Mehr als nur Passion
Ganz anders ist das Ambiente auf dem ehemaligen Basler Industrieareal Gundeldinger Feld. Wo einst schwere Maschinen konstruiert wurden, hat sich heute eine breit gefächerte Kreativwirtschaft ausgebreitet. In einem der Gebäude unterrichtet das Team von plan-t Tango. Erst muss man durch eine Metallwerkstatt die Treppe rauf und gelangt in einen hohen Raum unter einem Sheddach; Scheinwerfer schaffen stimmungsvolles Licht. An diesem Abend ist Unterrichtsstunde angesagt.
Während die einen gehen, treffen die nächsten ein, sie wechseln die Schuhe. Die zwischen 20- und 30-Jährigen werden von Pädagogikstudent Lio Wirz und seiner Kollegin auf Englisch unterrichtet, da die sieben Paare aus der Studentenszene kommen und einige nicht deutschsprachig sind.
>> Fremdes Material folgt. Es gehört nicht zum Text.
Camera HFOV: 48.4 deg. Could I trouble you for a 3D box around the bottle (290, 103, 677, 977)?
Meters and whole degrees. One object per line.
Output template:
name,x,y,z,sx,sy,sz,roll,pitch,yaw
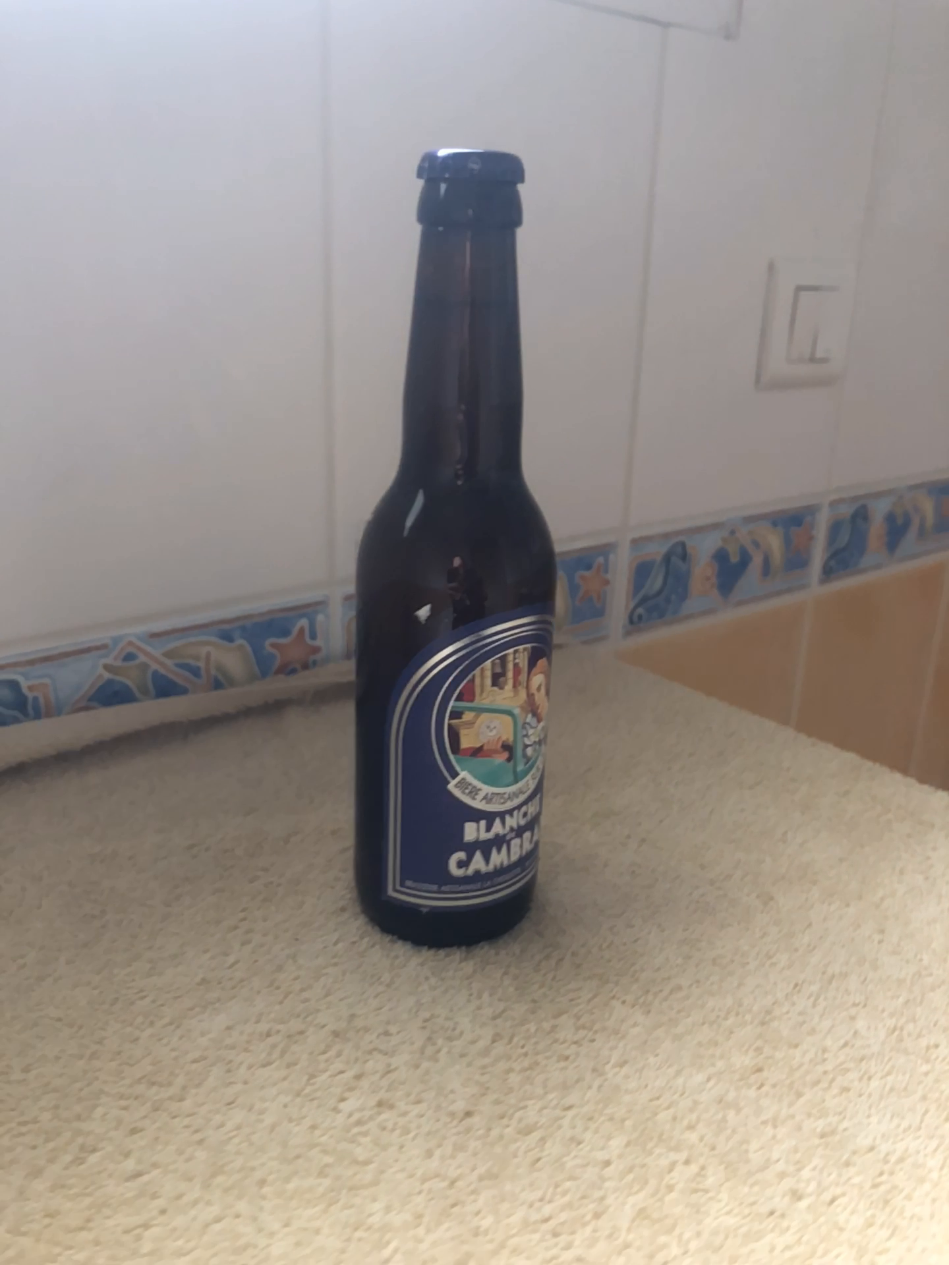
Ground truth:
bottle,-0.001,-0.024,0.305,0.070,0.219,0.070,2,19,-1
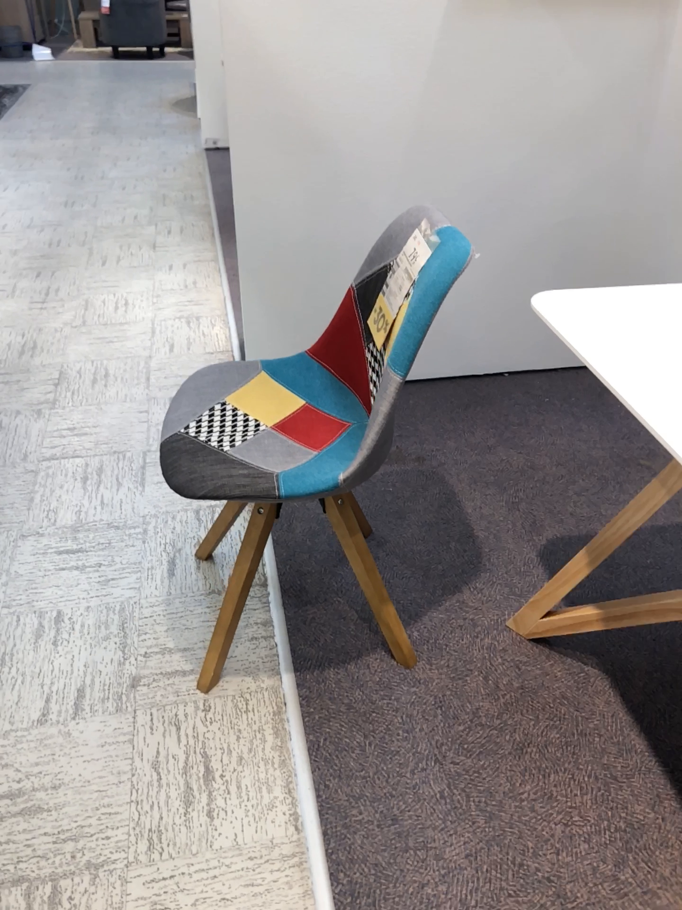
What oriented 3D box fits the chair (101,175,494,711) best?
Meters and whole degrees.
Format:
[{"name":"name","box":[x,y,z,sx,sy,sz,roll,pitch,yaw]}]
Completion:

Die beiden Lehrer und mit ihnen zehn weitere junge Leute wurden in der Steinerschule von ihrem Kunstlehrer in den Tango eingeführt. «Es war spassig, wir sind da ganz natürlich hineingewachsen», erinnert sich Wirz.
Seither haben sie vom Tanzen nicht mehr gelassen, sind nach Argentinien gereist und haben unzählige Kurse besucht. Aus ihrer privaten Passion ist eine Schule geworden, oder vielmehr, wie Wirz betont, ein Projekt. Es kann mal passieren, dass über längere Zeit kein Unterricht stattfindet. «Tango hat viele Stile, ist aber von der Struktur nicht so festgelegt wie der Standard-Tanz. Man darf und soll improvisieren.» In diesem Rahmen ist Raum für «eine Form von Exzess», wie Wirz es nennt. Spürbar ist, dass hier die strengen Geschlechterrollen sanft und melancholisch dahin schmelzen und es vor allem um eine fein austarierte Wechselbeziehung zwischen den Tanzenden geht. Unkompliziert, aber sehr intensiv probieren sie bestimmte Bewegungen aus, spielen mit Druck und Gegendruck. Dabei werden sie nicht allzu sehr ins Schwitzen kommen, vielleicht aber so etwas wie Glück empfinden. Tanzen ist mehr als Sport.
Tanzfest Schweiz
Vom 8. bis 10. Mai zelebrieren 21 Schweizer Städte den Tanz – für Akteure und Zuschauer. Der Event zieht jedes Jahr Tausende von Tanzfreudigen an, letztes Jahr nahmen 75 000 Enthusiasten teil. Auf dem Programm finden sich alle Tanzstile für jedes Alter. Infos unter: www.dastanzfest.ch
Tanzveranstaltungen
Tanzvorstellung Frankenstein
Nach dem Roman «Frankenstein» inszeniert Estefania Miranda ein Tanzstück, das die Menschwerdung einer künstlich erschaffenen Kreatur in den Mittelpunkt des Geschehens stellt. Mit der Tanzcompagnie Konzert Theater Bern.
Fr, 8.5., 19.30 Konzert Theater Bern Vidmarhallen
Tanzstadt-Rundgang
Auf einem «Tanzstadt-Rundgang» durch die Innenstadt Badens mit der Gymnastiklehrerin Ursula Dietrich erfahren die Besucher, was an den historischen Plätzen geschehen ist. Gleichzeitig erleben sie, wie die Tänzerinnen und Tänzer die Themen in den jeweiligen Tanzsparten aufgreifen.
Sa, 9.5., 14.00, 15.20 & 16.40 Bahnhofplatz Baden AG
All Stars Reloaded
Die offene Bühne, genannt All Stars, ist das Show-Format für Tanzschulen und Tanzsportclubs. Von Rock ’n’ Roll über Volkstanz bis hin zum Oriental Dance, Stilmix.
Sa, 9.5., 20.00 Chollerhalle Zug
Indischer Tempeltanz – Bharatanatyam
In diesem traditionellen Tanz ist die Kombination von Arm-, Fuss- und Augenbewegungen zentral. Bha (Bhavam) steht für Gefühl, Ra (Raagam) für Melodie, Ta (Taalam) für Rhythmus – Natyam bedeutet Schauspiel oder Tanz. Eine Einführung.